Bennet makes the CNN political ticker

  • by: DavidThi808

(Added video clip – promoted by Colorado Pols)

Passing health care reform worth losing my seat

“If you get to the final point and you are a critical vote for health care reform and every piece of evidence tells you if you support the bill you will lose your job, would you cast the vote and lose your job?” CNN’s John King asked Sen. Michael Bennet of Colorado on Sunday’s State of the Union.

“Yes,” Bennet bluntly and simply replied.

Granted, that’s the “correct” answer. But there were also a lot of more politically safe ways to answer this. Bennet clearly is stepping up to be effective in Washington.

Kudos to him.


67 thoughts on “Bennet makes the CNN political ticker

  1. Very few pols are capable, under any circumstances, of just saying yes or no.  Never mind this is a very unlikely hypothetical. Most instinctively do some dancing out of sheer habit.

    Of course Bennet doesn’t have a career pol background which seems to be what so many say they find refreshing except when they are citing political experience and skill as a reason to continue to stick with Romanoff.

    And about that political skill… who really knows how much Romanoff possesses when push comes to shove in an election?  He never had to get elected in a very competitive district, did he?  

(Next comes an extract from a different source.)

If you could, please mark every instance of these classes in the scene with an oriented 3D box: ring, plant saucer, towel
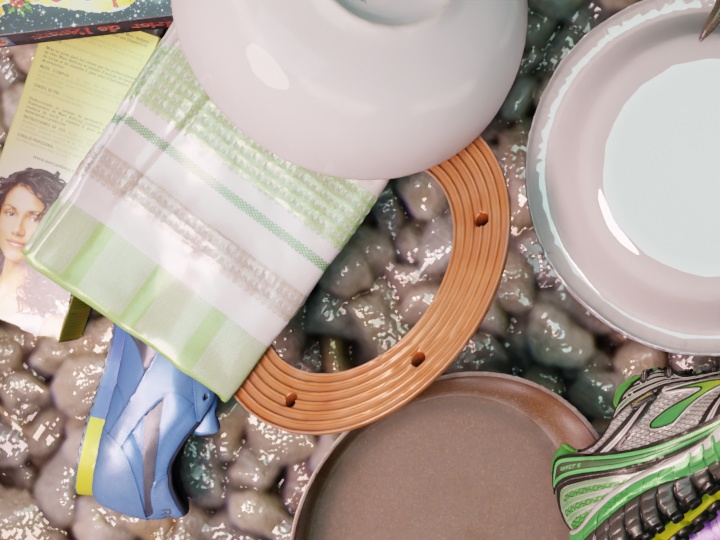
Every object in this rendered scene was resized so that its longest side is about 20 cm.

    1. I think it’s natural as they want to have everyone happy with them. When you give a very clear answer, you know some people will be unhappy.

      I do think this will help him. Voters who are undecided tend to prefer candidates with a clear plan and strong beliefs over someone who is vague but probably agrees with them more. That’s one of the big advantages Bush had over Kerry.

      1. After a year of taking no positions and having Romanoff challenge him, he is now being forced to take positions inconsistent with the electorates desires.

        Bennet – Obama Economy – Ritter – Tax Hikes – Job Loses – Bennet is not polling well.


            Just 38% of voters now favor the health care plan proposed by President Obama and congressional Democrats.


            The latest Rasmussen Reports national telephone survey finds that 56% now oppose the plan.


            Prior to this [Saturday night Senate vote], support for the plan had never fallen below 41%. Last week, support for the plan was at 47%. Two weeks ago, the effort was supported by 45% of voters.

            Intensity remains stronger among those who oppose the push to change the nation’s health care system: 21% Strongly Favor the plan while 43% are Strongly Opposed.


            Only 16% now believe passage of the plan will lead to lower health care costs. Nearly four times as many (60%) believe the plan will increase health care costs. Most (54%) also believe passage of the plan will hurt the quality of care.

            As has been the case for months, Democrats favor the plan while Republicans and voters not affiliated with either major party are opposed. The latest numbers show support from 73% of those in the president’s party. The plan is opposed by 83% of Republicans and 70% of unaffiliated voters.


            Among the nation’s senior citizens, 34% favor the health care plan and 60% are opposed. A majority of those under 30 favor the plan, but a majority of all other age groups are opposed (Premium Members can see full demographic crosstabs).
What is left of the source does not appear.